Solved – Anova and Tukey HSD vs Linear Regression

anovaleast squaresmultiple-comparisonsregressiontukey-hsd-test

When analyzing the difference in means between $k$ groups, a one way ANOVA is equivalent to a simple linear regression with indicator variables for group membership

$$
Y = \beta_0 + \beta_1X_1 + \beta_2X_2 + … + \beta_{k-1}X_{k-1} + \epsilon
$$

It's my understanding that if specific contrasts aren't pre-specified, researchers should first examine the ANOVA p-value and if the p-value meets their $\alpha$ threshold, then perform Tukey's HSD test for all pairwise comparisons. We first check the omnibus ANOVA test and then use Tukey's multiple comparisons test to maintain an error rate of $\alpha$.

This procedure seems similar to first checking the linear regressions F-statistic and p-value (these should be the same as the ANOVA) and then examining the p-values for individual regression coefficients ($\beta_1$ etc).

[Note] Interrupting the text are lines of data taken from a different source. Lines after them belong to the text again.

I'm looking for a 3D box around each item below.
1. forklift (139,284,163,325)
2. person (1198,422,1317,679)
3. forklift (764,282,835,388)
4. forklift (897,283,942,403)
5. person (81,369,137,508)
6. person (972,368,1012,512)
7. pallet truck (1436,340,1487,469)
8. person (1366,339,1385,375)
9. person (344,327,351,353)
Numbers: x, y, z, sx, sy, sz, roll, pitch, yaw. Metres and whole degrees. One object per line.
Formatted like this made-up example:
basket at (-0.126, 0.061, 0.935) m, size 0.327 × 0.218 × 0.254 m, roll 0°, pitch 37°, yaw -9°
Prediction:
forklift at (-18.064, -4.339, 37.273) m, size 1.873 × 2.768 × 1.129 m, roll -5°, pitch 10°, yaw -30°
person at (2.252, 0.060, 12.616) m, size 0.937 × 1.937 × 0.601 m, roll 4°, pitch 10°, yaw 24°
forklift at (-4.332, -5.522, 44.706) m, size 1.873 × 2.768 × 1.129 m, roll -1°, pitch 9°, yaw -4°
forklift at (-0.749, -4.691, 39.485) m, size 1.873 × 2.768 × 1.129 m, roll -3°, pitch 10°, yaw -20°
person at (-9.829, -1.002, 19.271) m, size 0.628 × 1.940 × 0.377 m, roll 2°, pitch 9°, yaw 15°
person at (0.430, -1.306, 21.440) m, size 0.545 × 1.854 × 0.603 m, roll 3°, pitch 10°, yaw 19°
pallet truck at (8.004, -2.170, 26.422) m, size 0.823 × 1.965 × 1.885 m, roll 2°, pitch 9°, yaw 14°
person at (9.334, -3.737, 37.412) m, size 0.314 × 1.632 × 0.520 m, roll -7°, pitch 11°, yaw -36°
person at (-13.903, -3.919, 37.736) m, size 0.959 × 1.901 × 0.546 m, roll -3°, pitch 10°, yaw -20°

With more than two groups, multiple comparisons can become an issue as multiple tests are performed. The Wikipedia page for Tukey's HSD test says Tukey's test accounts for multiple comparisons. Is there any adjustment for multiple comparisons built into the p-values for individual regression coefficients? If not, is it prudent to apply an adjustment (Bonferronni, FDR etc) to the coefficient p-values? I usually don't see discussion of multiple comparisons adjustment for regression coefficients, so I wasn't sure if this is already accounted for or if many just don't consider it a needed adjustment.

Best Answer

Is there any adjustment for multiple comparisons built into the p-values for individual regression coefficients? If not, is it prudent to apply an adjustment (Bonferronni, FDR etc) to the coefficient p-values?

In short, yes, there can be. I usually use linear regression for everything, including designs that could be estimated with an ANOVA. I use R, so I estimate models using the lm function, and then I estimate specific pairwise comparisons using the emmeans package. There is a lot of discussion about adjusting p-values for multiple comparisons in this package. See the vignette section here: https://cran.r-project.org/web/packages/emmeans/vignettes/confidence-intervals.html#adjust

I usually don't see discussion of multiple comparisons adjustment for regression coefficients

This lack of discussion is probably due to your field using ANOVA for these problems more than regression models. It could also be an artifact of what software your field uses, too.

I wasn't sure if this is already accounted for or if many just don't consider it a needed adjustment.

It is not already accounted for in the estimation of the model. Whether or not one considers an adjustment needed is a theoretical discussion. But, since you note that the two are equivalent, if you/your field thinks multiple comparisons should be adjusted for in ANOVA, then that applies to linear regression, as well.